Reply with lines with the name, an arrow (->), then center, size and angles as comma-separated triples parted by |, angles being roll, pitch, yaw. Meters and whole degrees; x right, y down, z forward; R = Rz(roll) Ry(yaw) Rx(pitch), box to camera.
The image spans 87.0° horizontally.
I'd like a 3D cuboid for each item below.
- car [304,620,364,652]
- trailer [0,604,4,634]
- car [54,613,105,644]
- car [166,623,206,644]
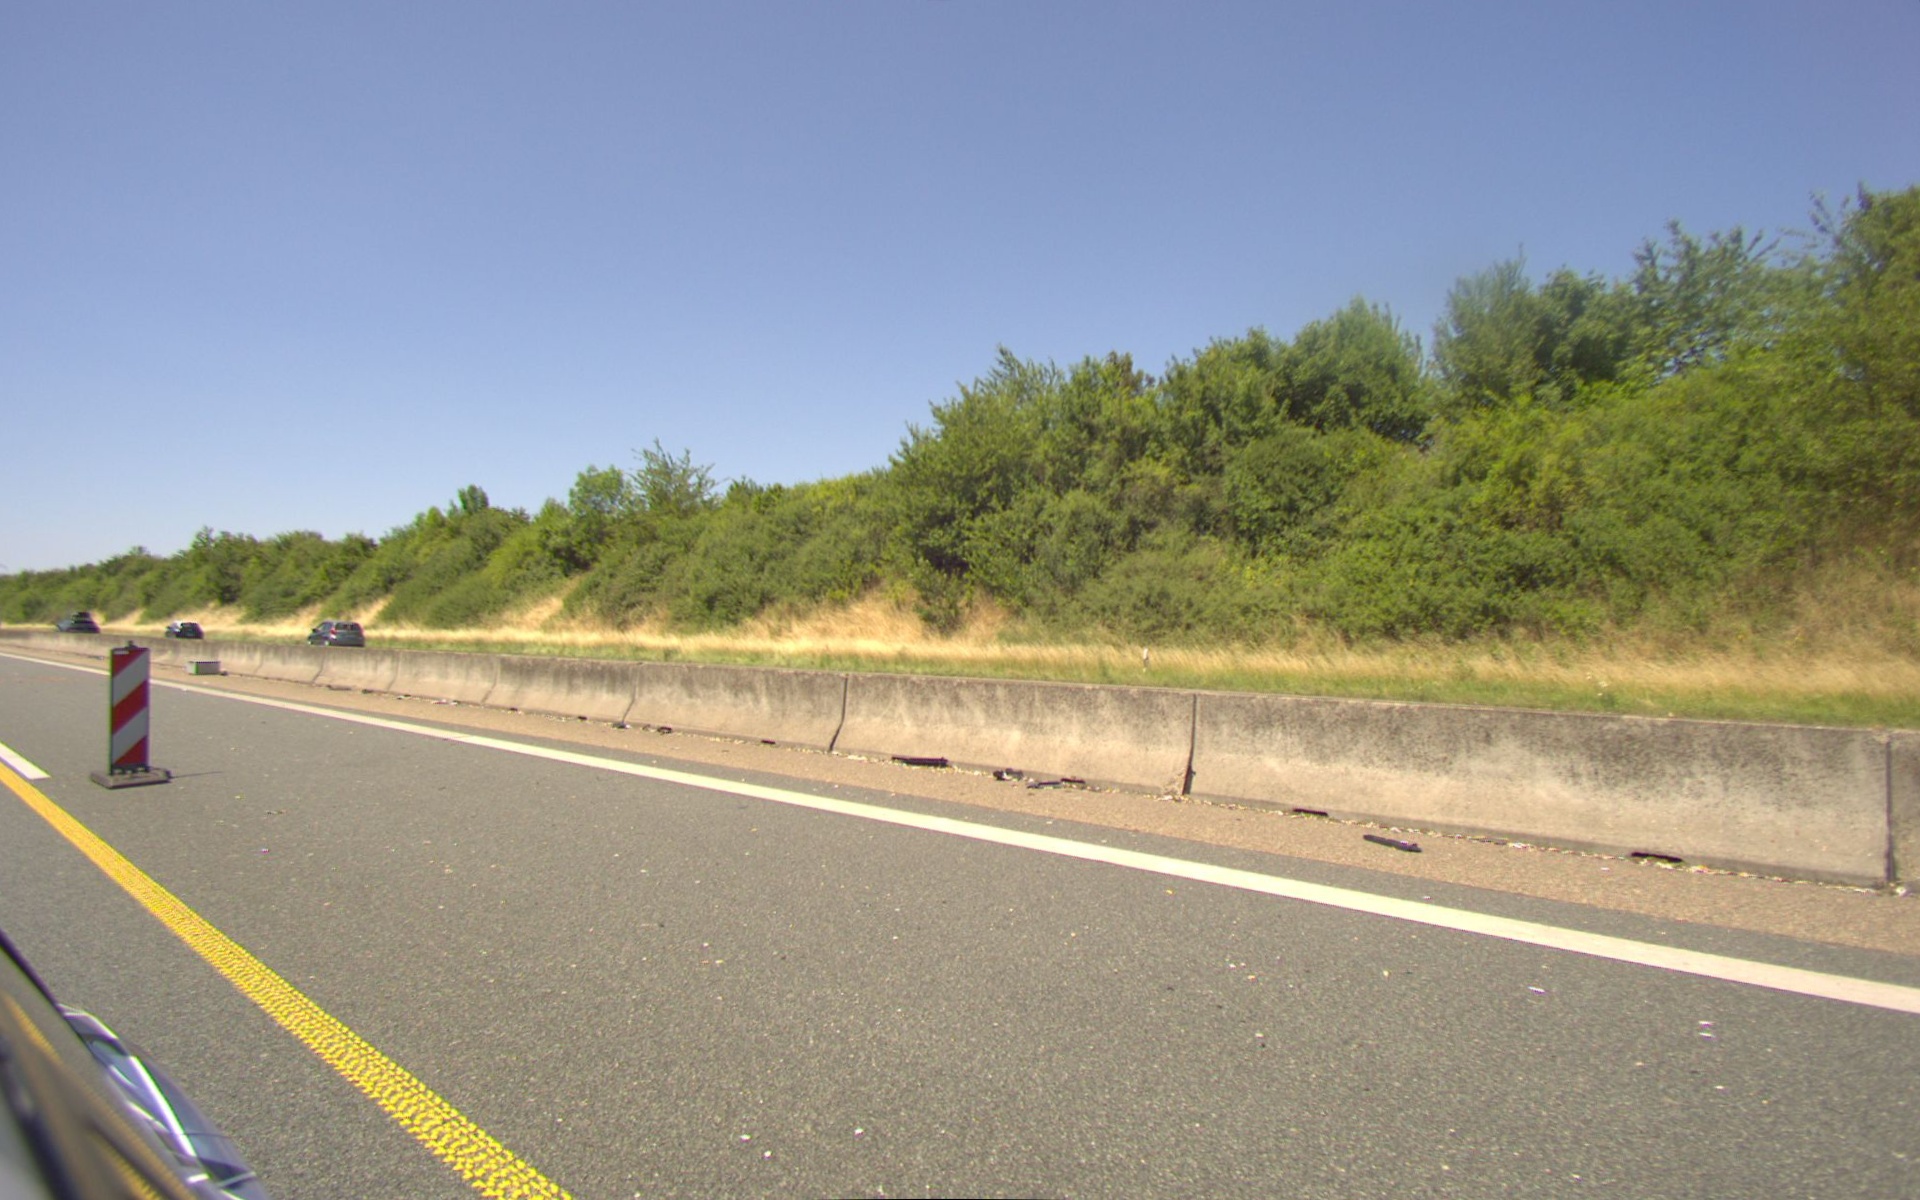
car -> -32.140, 1.822, 51.916 | 3.997, 1.560, 1.484 | -1, -2, 41
trailer -> -141.107, 2.703, 145.983 | 13.627, 4.093, 2.923 | -1, -4, 40
car -> -54.850, 1.754, 62.997 | 4.619, 1.832, 1.723 | -1, -2, 41
car -> -55.778, 2.414, 72.903 | 3.777, 1.475, 1.557 | -1, -2, 41

**Assigned task**
Without copying the pictures, transcribe the entries exactly.

**Answer area**
Reply with lines with the name, an arrow (->), then center, size and angles as comma-separated triples parted by |, angles being roll, pitch, yaw. Meters and whole degrees; x right, y down, z forward; R = Rz(roll) Ry(yaw) Rx(pitch), box to camera.
The image spans 87.0° horizontally.
I'd like a 3D cuboid for each item below.
- car [304,620,364,652]
- trailer [0,604,4,634]
- car [54,613,105,644]
- car [166,623,206,644]
car -> -32.140, 1.822, 51.916 | 3.997, 1.560, 1.484 | -1, -2, 41
trailer -> -141.107, 2.703, 145.983 | 13.627, 4.093, 2.923 | -1, -4, 40
car -> -54.850, 1.754, 62.997 | 4.619, 1.832, 1.723 | -1, -2, 41
car -> -55.778, 2.414, 72.903 | 3.777, 1.475, 1.557 | -1, -2, 41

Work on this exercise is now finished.